Verizon Wireless sees ringback tones as another way to get a little more incremental revenue out of the oh-so-fickle youth market, with whom ringtones have been so popular in the first place. While ringtones allow subscribers to enjoy their own musical tastes when called, ringback tones foist those tastes upon the people calling them. What could be more fitting for an increasingly exhibitionistic youth segment?

“This goes well beyond the ringtones,” said John Harrobin, vice president of marketing and sales for Verizon Wireless's Western region. “Ringtones are a way for you to communicate with yourself. Ringback tones communicate with your callers. They're another way for our subscribers to express themselves to the people they know.”

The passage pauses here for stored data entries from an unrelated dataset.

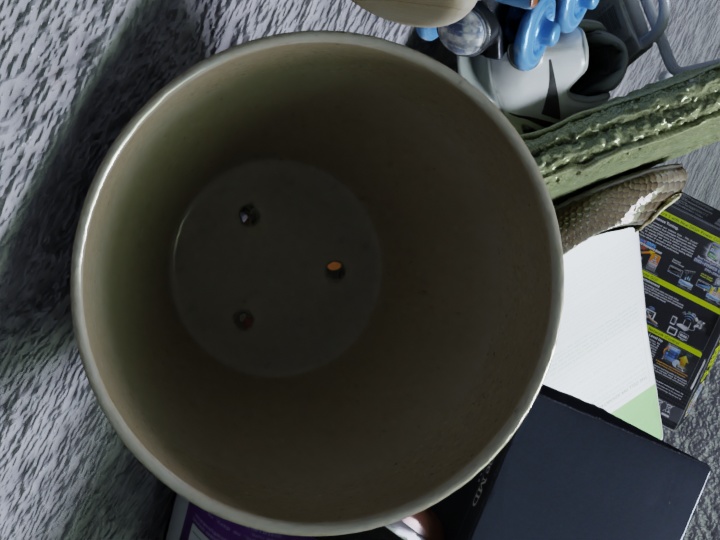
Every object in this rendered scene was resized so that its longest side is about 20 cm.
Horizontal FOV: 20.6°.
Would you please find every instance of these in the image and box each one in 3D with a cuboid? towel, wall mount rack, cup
[{"bbox_3d":[0.157,-0.079,1.174,0.199,0.037,0.148,-22,173,5],"label":"towel"},{"bbox_3d":[0.167,-0.189,1.232,0.074,0.175,0.200,-17,174,-15],"label":"wall mount rack"},{"bbox_3d":[-0.027,0.001,0.855,0.201,0.200,0.143,-62,-169,-2],"label":"cup"}]

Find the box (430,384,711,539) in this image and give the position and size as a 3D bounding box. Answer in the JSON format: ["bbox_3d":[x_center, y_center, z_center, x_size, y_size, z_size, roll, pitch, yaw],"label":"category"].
[{"bbox_3d":[0.073,0.160,1.034,0.182,0.104,0.201,-151,-96,-80],"label":"box"}]

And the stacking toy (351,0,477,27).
[{"bbox_3d":[0.052,-0.214,0.927,0.085,0.085,0.201,87,27,-63],"label":"stacking toy"}]

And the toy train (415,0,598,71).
[{"bbox_3d":[0.094,-0.190,1.078,0.200,0.086,0.115,-48,152,-49],"label":"toy train"}]

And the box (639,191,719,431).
[{"bbox_3d":[0.186,0.004,1.499,0.044,0.199,0.161,-30,144,-64],"label":"box"}]

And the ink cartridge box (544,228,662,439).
[{"bbox_3d":[0.126,0.057,1.304,0.145,0.048,0.201,-30,127,-26],"label":"ink cartridge box"}]

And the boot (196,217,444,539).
[{"bbox_3d":[0.008,0.027,0.992,0.200,0.188,0.069,-52,179,-29],"label":"boot"}]

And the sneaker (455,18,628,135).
[{"bbox_3d":[0.121,-0.113,1.192,0.200,0.088,0.075,-7,91,-75],"label":"sneaker"}]

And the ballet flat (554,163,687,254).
[{"bbox_3d":[0.115,-0.012,1.196,0.199,0.047,0.067,-25,174,-18],"label":"ballet flat"}]

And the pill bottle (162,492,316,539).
[{"bbox_3d":[-0.052,0.140,1.108,0.111,0.111,0.201,-44,157,-49],"label":"pill bottle"}]

They're also another way for Verizon Wireless to rake in the dough if the service is successful. Unlike ringtones, which are handset-based, ringback tones originate from the network, meaning any subscriber with a postpaid subscription regardless of handset can use the service. A carrier doesn't have to optimize specific tones for certain handsets or manage monophonic, polyphonic or digital recording versions of the same tone. It doesn't have to figure out a way to airlift each tone to each handset. Nor does it have to wend the convoluted road of digital rights management because the intellectual property is stored in the network, not on the phone itself.

On top of that, because the service is network-based, Verizon Wireless can charge a monthly recurring fee of $1 to run the service so the ringback tone keeps paying for itself long after the customer shells out the $2 to buy the tone in the first place.

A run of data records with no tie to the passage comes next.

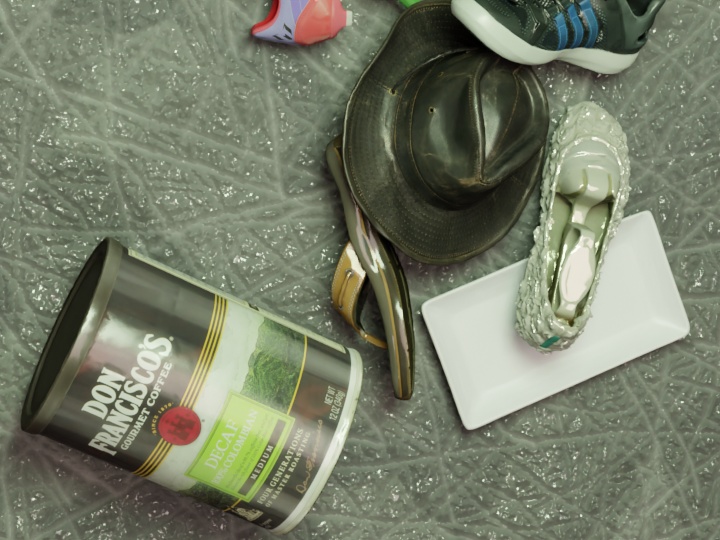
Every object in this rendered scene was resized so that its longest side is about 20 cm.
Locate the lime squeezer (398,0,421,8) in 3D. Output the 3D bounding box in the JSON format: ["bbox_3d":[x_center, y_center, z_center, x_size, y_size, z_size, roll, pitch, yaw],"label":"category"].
[{"bbox_3d":[0.023,-0.249,1.331,0.071,0.038,0.201,-25,100,-37],"label":"lime squeezer"}]

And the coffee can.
[{"bbox_3d":[-0.119,0.083,1.281,0.199,0.146,0.147,25,89,-15],"label":"coffee can"}]

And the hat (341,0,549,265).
[{"bbox_3d":[0.086,-0.101,1.317,0.200,0.081,0.201,-1,92,-38],"label":"hat"}]

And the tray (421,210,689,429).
[{"bbox_3d":[0.151,0.037,1.406,0.199,0.022,0.108,-22,99,-11],"label":"tray"}]

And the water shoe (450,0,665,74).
[{"bbox_3d":[0.144,-0.196,1.321,0.200,0.072,0.079,-1,131,-49],"label":"water shoe"}]

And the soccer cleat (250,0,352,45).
[{"bbox_3d":[-0.048,-0.264,1.313,0.076,0.067,0.201,-5,98,-9],"label":"soccer cleat"}]

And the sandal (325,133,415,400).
[{"bbox_3d":[0.000,0.000,1.341,0.054,0.082,0.201,-17,96,9],"label":"sandal"}]

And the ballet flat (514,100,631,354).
[{"bbox_3d":[0.168,-0.034,1.363,0.072,0.072,0.201,15,79,-14],"label":"ballet flat"}]

That proposition has to trigger a Pavlovian reaction in the mouth of any carrier, but so far, Verizon Wireless has been the only one to embrace it. However, Verizon Wireless hasn't quite embraced it completely. It's only launching with gear provided by Asian partner SK Telecom in Sacramento and Southern California, where its youth-focused marketing is particularly acute. But it has committed to a nationwide rollout in 2005, once it irons out its service.

However, it's not just Verizon Wireless that will be monitoring the service in L.A. If Verizon Wireless' trial enjoys an inkling of success, the other carriers are sure to investigate their own ringback tone applications. The carriers are in such competitive lockstep that any first-to-market advantage would be quickly eliminated in 2005, said Brian Demers, vice president and general manager of mobile applications business for NMS Communications, the company providing the core technology in Verizon Wireless' and SK Telecom's launch.

“The other carriers will absolutely launch next year,” Demers said. “There had to be a first carrier to launch in the Americas and we're just happy that it was a big one.”